Now what do I do? Calling Toby is not cheating, is it? I haven’t found the treasure yet, so asking my son for help at this stage doesn’t constitute foul play, does it? Just as I bring Toby’s number up, the phone rings. ‘Grrr! Not now,’ I say, but on seeing Eva’s face pop up, I have to answer it – through gritted teeth though. She tells me she’s running late and will meet me at the spa resort rather than pick me up. Great, so now I have to drive. That means no champagne for me. Some treat this is going to be.
As quickly as I can, I end the call and finally get hold of Toby, who to my shock is already up and on his way to a lecture. Atta boy, Toby – your mum raised you proper too. Over the phone he directs me to the much-needed app and within minutes the secrets of the bar code are revealed to me.
An image of a gold box with a huge taffeta bow taunts me. No more than three inches square, but it looks expensive. My mouth goes dry and I can feel my blood pressure rising, a fact confirmed by my red-cheeked reflection in the microwave door. Who is that monster? The digital clock flashes to tells me I have two hours before my first spa treatment. I can’t go looking like this. Those pretty therapists will have a fit if they could see me now – fleecy pyjamas, bed hair and … are those wrinkles? OMG, they`re enormous, like maggots crawling across my face.

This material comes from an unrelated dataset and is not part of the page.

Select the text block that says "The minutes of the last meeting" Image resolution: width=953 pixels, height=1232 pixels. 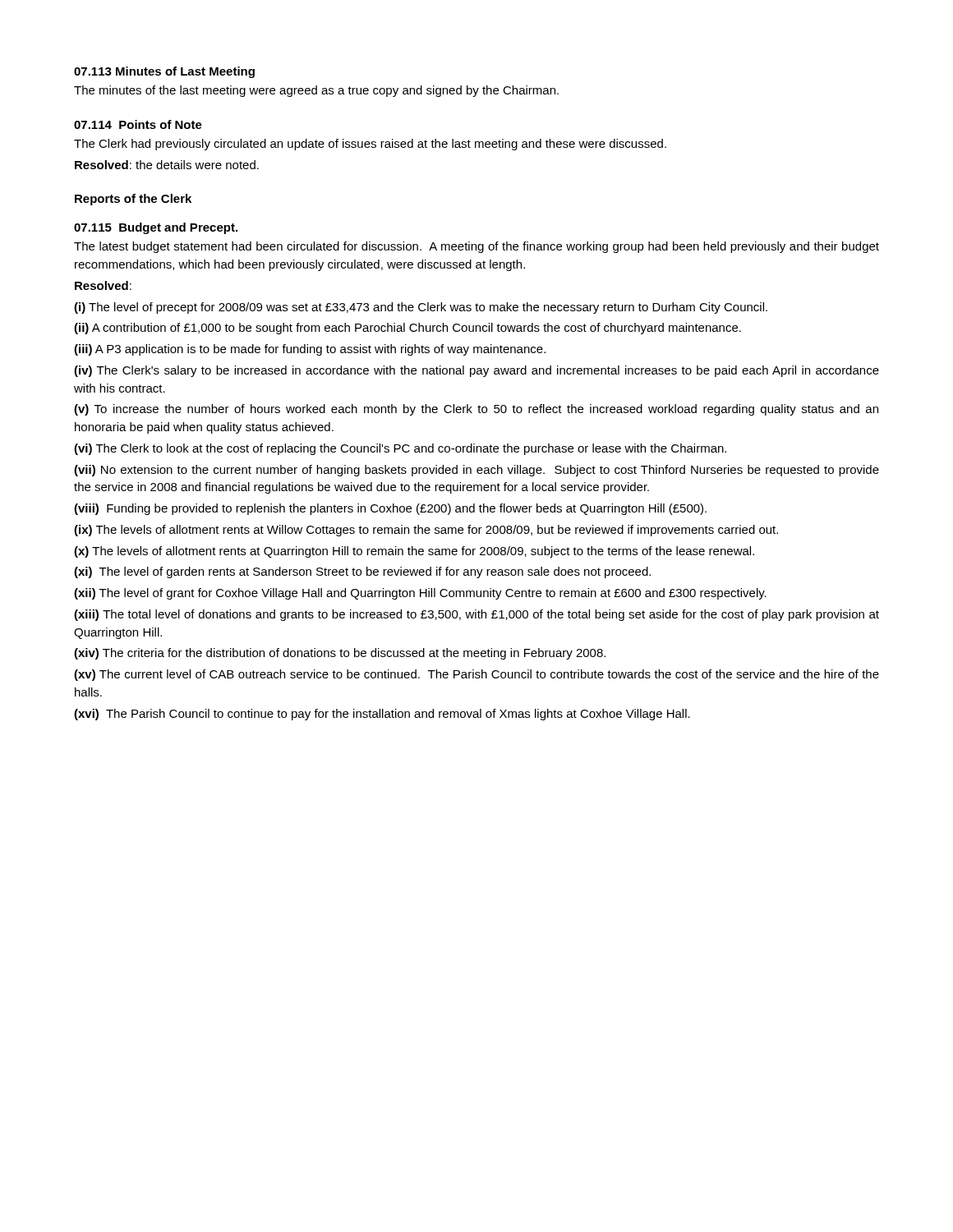point(317,90)
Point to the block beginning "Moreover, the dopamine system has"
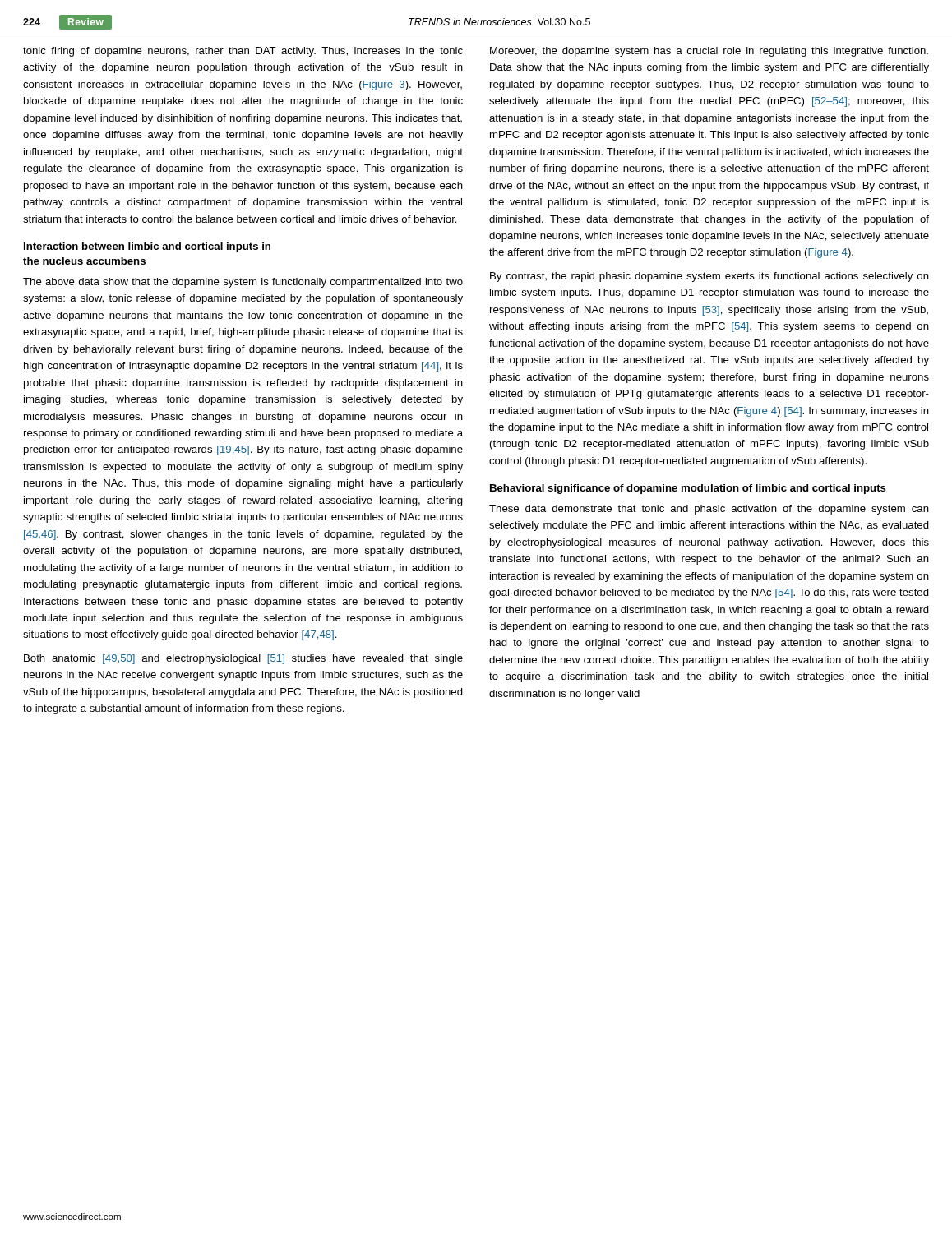952x1233 pixels. click(x=709, y=152)

‘Oh Dan, where is this bloody box?’ Another glance at my phone offers no further clues, so with reluctance I slope back upstairs to get ready, huffing and puffing with each step. I am too old for games, I’ve decided. Hunting for the box will have to wait till later.
An hour later I emerge from the bedroom, dressed casually and ready to be pampered. One final mirror check. Ugh! I grimace. It’ll have to do. I can’t believe it took me a whole hour to look this casual. I can usually be up and off to work in thirty minutes. Casual is hard work. Especially when I’m only going to put on another robe and towelling slippers.
That’s it! If you’re still with me, thank you so much for reading.